Quick Python Guide


Python is quite a big landscape, it can be intimidating to know how to manage projects.

Here is my ultra minimal Python setup. It only requires the installation of one non-standard tool.


Project Management

Install pyenv

Very often we want to have multiple versions of Python installed on our systems. For this I recommend pyenv.

If you are fine with the system Python you can skip this step.

On macos:

brew install pyenv

Others:

curl https://pyenv.run | bash

Update your .bashrc file to load pyenv:

export PYENV_ROOT="$HOME/.pyenv"
command -v pyenv >/dev/null || export PATH="$PYENV_ROOT/bin:$PATH"
eval "$(pyenv init -)"

Source your .bashrc to load the changes:

source ~/.bashrc

Getting Started

Lets create a new folder for our test project:

mkdir test-project
cd test-project

Lets use python 3.9. We can use pyenv to install it:

pyenv install 3.9.16

We can create a .python-version file in the project which will auto load and set us on 3.9 when we cd into this directory with:

pyenv local 3.9.16
cat .python-version

We can verify that we are using the correct python version:

python --version

Creating a virtualenv with venv

Before we can write code and install packages we need to create what’s called a virtualenv.
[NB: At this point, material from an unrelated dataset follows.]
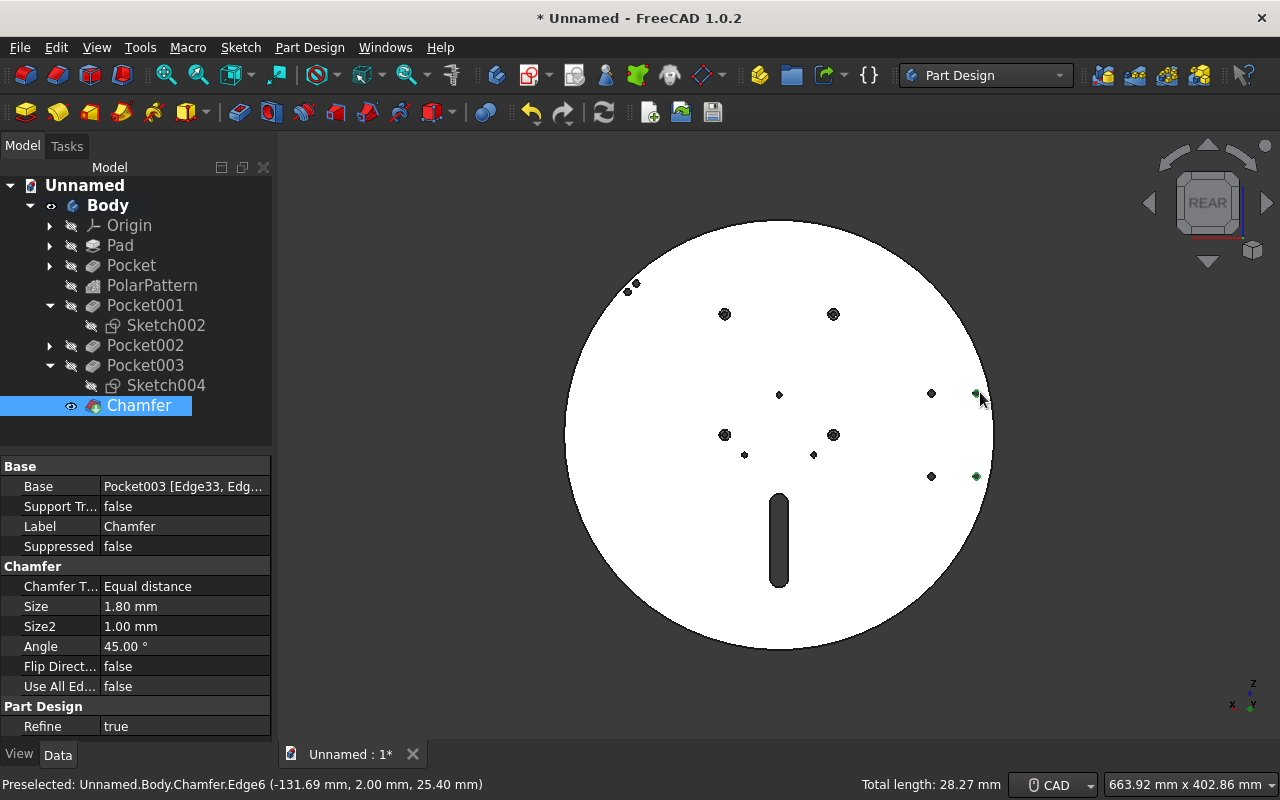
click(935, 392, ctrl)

In the Python world you can sorta think of this like a sandbox where anything you do in it is contained just in the virtual environment.
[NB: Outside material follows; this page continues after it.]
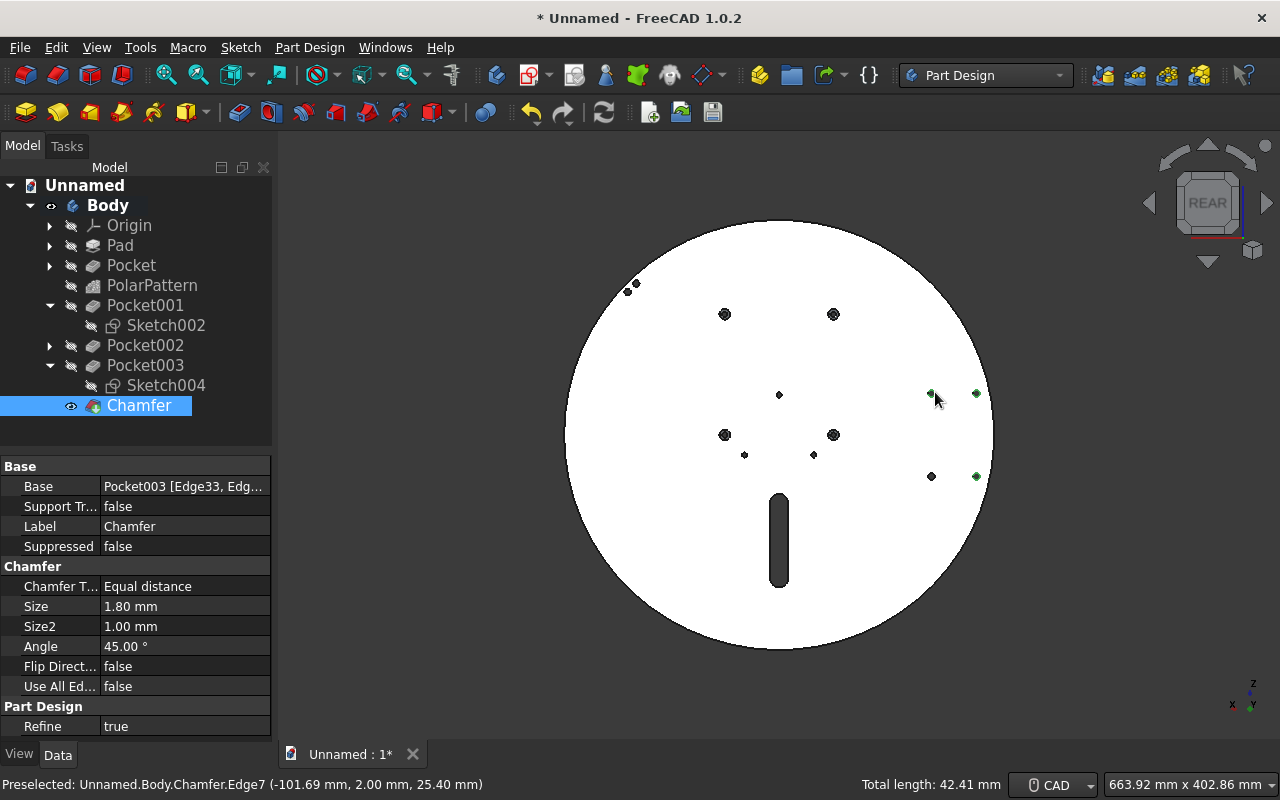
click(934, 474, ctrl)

This will let us maintain separate versions of various packages if we need to.

Create the virtualenv:

python -m venv .venv

This creates a folder called .venv which contains our virtual environment. We can activate it with the following:

source .venv/bin/activate

Now all our python tools should be scoped to the virtualenv. Running:

which python

Should show that our python is being sourced by the .venv folder. If you ever want to break free from the virtual environment you can run:

deactivate

Using pip inside the virtual environment

Pip is used to install packages. It’s important to note that if you have not activated the virtual environment you will be using your global pip/python environment.

It is common to create a file called requirements.txt which contains our list of dependencies.

touch requirements.txt

Lets install numpy, so add the following to requirements.txt:

numpy==1.24.4

If you don’t care about the version you could just say numpy but I recommend freezing the deps then which I describe later in this document. Now we can install things to the virtual environment with:

pip install -r requirements.txt

We can validate that this worked by dropping into a python shell:

python

Now lets import numpy:

import numpy as np
exit()

Another way we can do this is by installing directly with pip, lets install a code formatter called black:

pip install black

The issue here though is if we want to pull the project down again we need to remember we installed this. We can leverage a command called pip freeze to export our environment back to the requirements.txt file.

Go ahead and run:

pip freeze

You’ll see it also dumps out the transitive dependencies we would like to install as well. To avoid polluting our main requirements.txt file I like to store the frozen deps in a different file, but that’s up to you:

pip freeze > requirements-frozen.txt

Using VS Code

If you use VS code things should just work out of the box. You need to open the project while the virtual environment is activated:

code .

The correct python version as well as the virtual environment should be shown at the bottom right. If you create a new python file called main.py you should be able to insert the following program:

import numpy as np
a = np.arange(15).reshape(3, 5)
print(a)

You should have auto complete setup automatically at this point.


Common tools and libraries

Code formatting

I recommend using black. You can install/use it with:

pip install black
black .

Don’t forget to freeze it in your requirements file!


Linting

I like ruff. You can install/use it with:

pip install ruff
ruff .

Don’t forget to freeze it in your requirements file!


Tests

I recommend pytest. Install it with:

pip install pytest
mkdir test
touch test/my_test.py

Inside my_test.py add:

def test_failure():
    assert False

Now you can run:

pytest

And you should see failures.

Adding src paths

Let say you had the following code in src/main.py:

def add_one(x):
    return x + 1

Now lets say we had the following test in test/test_main.py:

from main import add_one

def test_add_one():
    assert add_one(1) == 2

You’ll notice that the import fails to resolve. Historically in Python you would need to update the PYTHONPATH environment variable to fix the path issues. As of pytest v7+ you can now use a pyproject.toml file in your project root to accomplish this.

touch pyproject.toml

And inside put:

[tool.pytest.ini_options]
pythonpath = [
  "src"
]

Now pytest should work.


Typechecking

Lets use mypy to test do typechecking. VS Code ships with its own which works well but here’s how we can check things via the CLI:

pip install mypy

Lets add this function to our main.py file:

def type_checker_fail() -> int:
    return "Hello World"

Now run:

mypy .

And you should see the type error.


Debugging

Python ships with a library called pdb, you can use it in your code like:

import pdb; pdb.set_trace()

Now just run your code and you’ll drop into the debugger when you hit the trace point.